For 2020, the Salary Council recommends establishing Des Moines, IA, as a new locality pay area. In addition, it recommends establishing Imperial County, CA, as an additional area within the Los Angeles locality pay area.

How to Measure Pay Disparity

As it has in recent years, the Salary Council has concluded that the overall pay disparity is about 36% between federal and private sector pay.

There is also a disagreement within the Salary Council that reflects an underlying difference in philosophy. Pine County, MN and the union members of the Salary Council want to add it to the Minneapolis, MN locality pay area. The other members of the Salary Council disagreed because Pine County “does not meet the established statistical tests for such designation…. “

In effect, Council Chairman Ron Sanders and Council Members Nelson and Bullock recommend the Pay Agent consider alternatives to measuring any disparity between private and federal sector pay. They would commission the Bureau of Labor Statistics and the Office of Personnel Management (OPM) to conduct an in-depth study of the most cost-effective alternatives to better measure the disparity between Federal and non-Federal pay and other relevant elements of employee compensation such as federal employee benefits.

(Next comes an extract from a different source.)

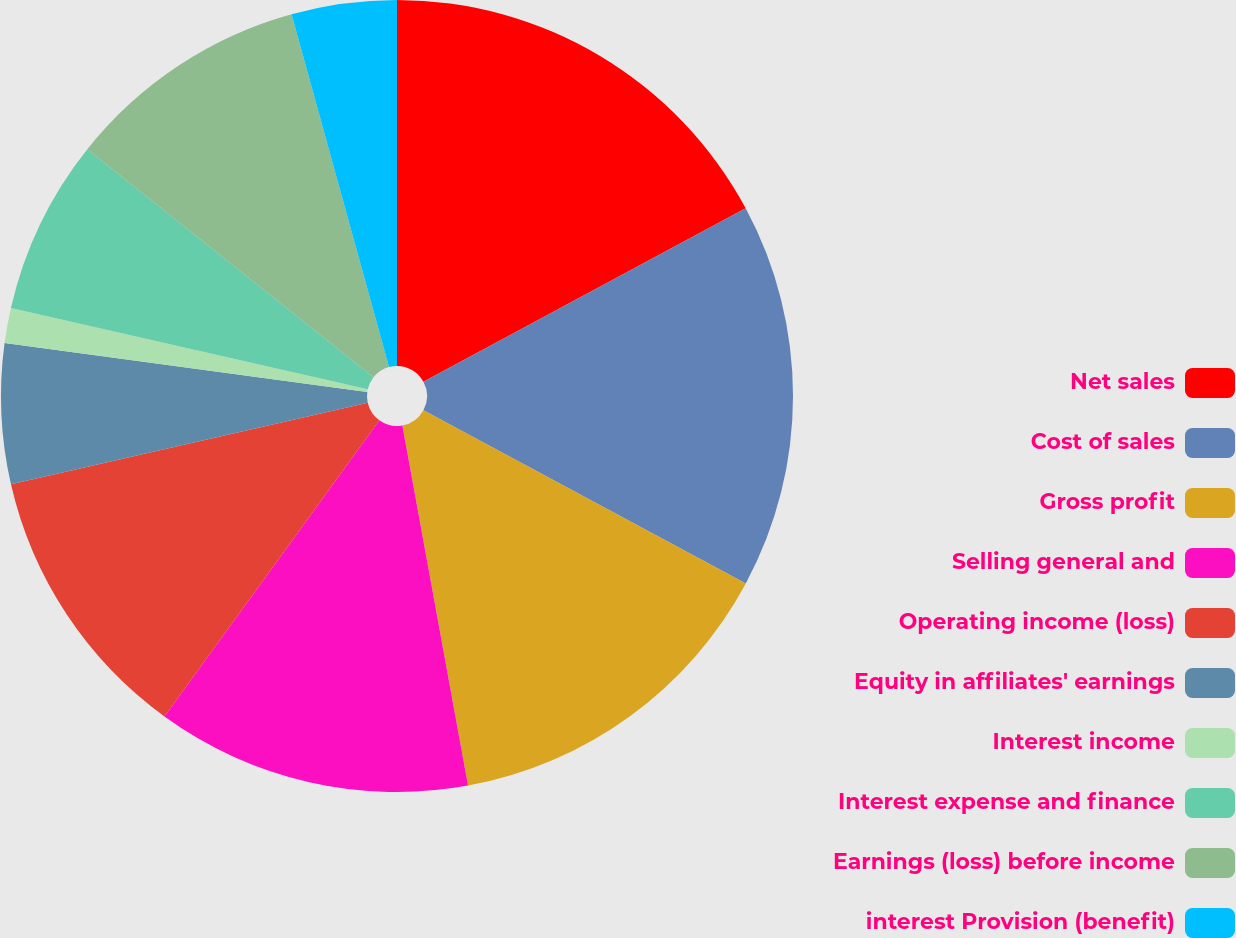Convert chart to OTSL. <chart><loc_0><loc_0><loc_500><loc_500><pie_chart><fcel>Net sales<fcel>Cost of sales<fcel>Gross profit<fcel>Selling general and<fcel>Operating income (loss)<fcel>Equity in affiliates' earnings<fcel>Interest income<fcel>Interest expense and finance<fcel>Earnings (loss) before income<fcel>interest Provision (benefit)<nl><fcel>17.14%<fcel>15.71%<fcel>14.28%<fcel>12.86%<fcel>11.43%<fcel>5.72%<fcel>1.43%<fcel>7.14%<fcel>10.0%<fcel>4.29%<nl></chart>

The unions on the Federal Salary Council appear to be primarily concerned with ensuring different measures of comparing private sector and federal sector pay do not result in lowering the disparity or possibly impacting federal employee benefits. Changing the way the Council measures pay disparity to include looking at federal employee benefits would likely reduce the appearance of a huge pay disparity between federal employees and private sector workers.

Statement by Union Members of FSC

If the different objectives were not already apparent, a union statement attached to the Federal Salary Council’s latest report provides further clarity on how the unions react to changes in measuring pay disparity:

When considering the Workgroup Report, please understand that wherever the words “some members of the workgroup” appear, it means the Administration’s political appointees to the Council. The members of the workgroup and Federal Salary Council from employee organizations (the American Federation of Government Employees, AFL-CIO, the National Treasury Employees Union, the National Federation of Federal Employees, AFL-CIO, and the Fraternal Order of Police, AFL-CIO) did not support the Chairman’s effort to use the Council to promote the Administration’s policy agenda of redefining “pay disparities” to include non-pay benefits or replacing the locality pay system with one that varies pay adjustments by occupation and manager discretion.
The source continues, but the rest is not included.